The Salyut program (Russian: Салют; lit. Salute or Fireworks) was the first space station program undertaken by the Soviet Union, which consisted of a series of nine single-module space stations launched over a period of eleven years from 1971 to 1982. Intended as a project to carry out long-term research into the problems of living in space and a variety of astronomical, biological and Earth-resources experiments, the program allowed space station technology to evolve from the engineering development stage to long-term research outposts in space. Ultimately, experience gained from the Salyut stations went on to pave the way for multimodular space stations such as Mir and the International Space Station, with each of those stations possessing a Salyut-derived core module at its heart.
The program consisted of a series of six scientific research stations and three military reconnaissance stations, the latter being launched as part of the highly secretive Almaz program. Salyut broke several spaceflight records, including several mission duration records, the first ever orbital handover of a space station from one crew to another, and various spacewalk records. By the time the program concluded, in 1991, it had seen space station technology evolve from basic, single-docking port stations to complex, multi-ported orbital outposts with impressive scientific capabilities, whose technological legacy continues to the present day.

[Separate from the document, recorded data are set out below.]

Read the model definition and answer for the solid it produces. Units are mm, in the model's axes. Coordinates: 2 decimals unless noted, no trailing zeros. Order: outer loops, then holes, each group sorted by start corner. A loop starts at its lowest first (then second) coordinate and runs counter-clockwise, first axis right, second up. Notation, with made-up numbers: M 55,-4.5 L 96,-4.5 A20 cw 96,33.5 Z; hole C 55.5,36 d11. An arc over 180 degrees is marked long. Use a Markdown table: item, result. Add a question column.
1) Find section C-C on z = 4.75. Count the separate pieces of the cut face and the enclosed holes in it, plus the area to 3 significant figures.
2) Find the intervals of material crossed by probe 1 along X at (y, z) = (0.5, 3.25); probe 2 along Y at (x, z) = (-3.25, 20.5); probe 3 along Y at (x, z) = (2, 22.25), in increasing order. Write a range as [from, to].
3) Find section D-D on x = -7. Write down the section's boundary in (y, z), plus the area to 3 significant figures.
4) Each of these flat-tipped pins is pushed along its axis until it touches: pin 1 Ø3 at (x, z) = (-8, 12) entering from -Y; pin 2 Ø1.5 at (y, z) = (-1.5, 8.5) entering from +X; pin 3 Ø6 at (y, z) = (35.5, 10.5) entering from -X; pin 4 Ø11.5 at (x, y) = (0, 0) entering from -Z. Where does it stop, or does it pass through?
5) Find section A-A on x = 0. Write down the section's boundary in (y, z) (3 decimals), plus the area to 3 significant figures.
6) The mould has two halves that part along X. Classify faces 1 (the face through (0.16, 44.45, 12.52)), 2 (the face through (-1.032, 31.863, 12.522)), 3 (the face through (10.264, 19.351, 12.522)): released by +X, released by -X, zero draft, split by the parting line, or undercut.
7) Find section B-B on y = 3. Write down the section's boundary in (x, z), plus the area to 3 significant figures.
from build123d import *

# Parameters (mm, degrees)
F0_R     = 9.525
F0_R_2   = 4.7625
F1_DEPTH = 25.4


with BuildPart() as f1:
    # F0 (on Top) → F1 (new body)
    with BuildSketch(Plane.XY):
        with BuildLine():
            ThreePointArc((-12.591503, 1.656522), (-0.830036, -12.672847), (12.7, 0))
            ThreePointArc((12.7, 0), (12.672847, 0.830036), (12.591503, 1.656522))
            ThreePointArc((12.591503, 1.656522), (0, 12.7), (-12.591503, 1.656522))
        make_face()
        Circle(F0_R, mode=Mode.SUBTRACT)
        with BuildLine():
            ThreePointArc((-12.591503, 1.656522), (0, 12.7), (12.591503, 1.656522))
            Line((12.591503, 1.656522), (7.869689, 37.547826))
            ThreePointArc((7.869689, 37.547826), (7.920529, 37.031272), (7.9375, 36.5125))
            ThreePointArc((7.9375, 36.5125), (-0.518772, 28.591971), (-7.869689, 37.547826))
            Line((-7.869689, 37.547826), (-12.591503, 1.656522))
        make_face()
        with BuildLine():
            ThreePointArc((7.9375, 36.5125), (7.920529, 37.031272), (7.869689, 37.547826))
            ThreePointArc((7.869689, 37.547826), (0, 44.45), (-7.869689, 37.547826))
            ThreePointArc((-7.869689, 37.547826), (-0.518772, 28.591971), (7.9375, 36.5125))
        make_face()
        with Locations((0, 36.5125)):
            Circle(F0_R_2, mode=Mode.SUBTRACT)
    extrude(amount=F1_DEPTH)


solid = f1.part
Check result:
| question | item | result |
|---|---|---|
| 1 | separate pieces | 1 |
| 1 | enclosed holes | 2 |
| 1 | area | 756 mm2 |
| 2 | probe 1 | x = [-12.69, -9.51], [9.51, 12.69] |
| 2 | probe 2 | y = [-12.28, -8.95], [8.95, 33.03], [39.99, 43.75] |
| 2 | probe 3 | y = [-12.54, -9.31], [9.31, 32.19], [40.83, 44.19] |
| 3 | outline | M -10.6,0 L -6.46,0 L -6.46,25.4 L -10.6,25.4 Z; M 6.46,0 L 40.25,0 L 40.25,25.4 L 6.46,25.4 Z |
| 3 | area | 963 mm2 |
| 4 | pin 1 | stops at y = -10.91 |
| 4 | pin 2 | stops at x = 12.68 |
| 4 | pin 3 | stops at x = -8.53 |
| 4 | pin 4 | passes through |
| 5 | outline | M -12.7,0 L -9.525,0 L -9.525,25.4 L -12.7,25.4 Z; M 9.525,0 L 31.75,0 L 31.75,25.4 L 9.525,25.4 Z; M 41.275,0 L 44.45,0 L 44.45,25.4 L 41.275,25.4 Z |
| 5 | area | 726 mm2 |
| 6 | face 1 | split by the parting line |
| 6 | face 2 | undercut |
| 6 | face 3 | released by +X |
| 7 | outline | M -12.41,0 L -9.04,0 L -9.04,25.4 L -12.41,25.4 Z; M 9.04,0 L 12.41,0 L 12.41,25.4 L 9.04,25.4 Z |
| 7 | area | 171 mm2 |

The program was composed of DOS (Orbital Space Station) civilian stations and OPS (Orbital Piloted Station) military stations. All were adapted from Vladimir Chelomei's original Almaz OPS spaceframe. For the military Orbital Piloted Stations modifications were small, and related to the rear docking port for Soyuz spacecraft. For the civilian DOS Orbital Space Station' changes were great, with extra solar panels, rear and front docking ports for Soyuz spacecraft, TKS spacecraft and modules.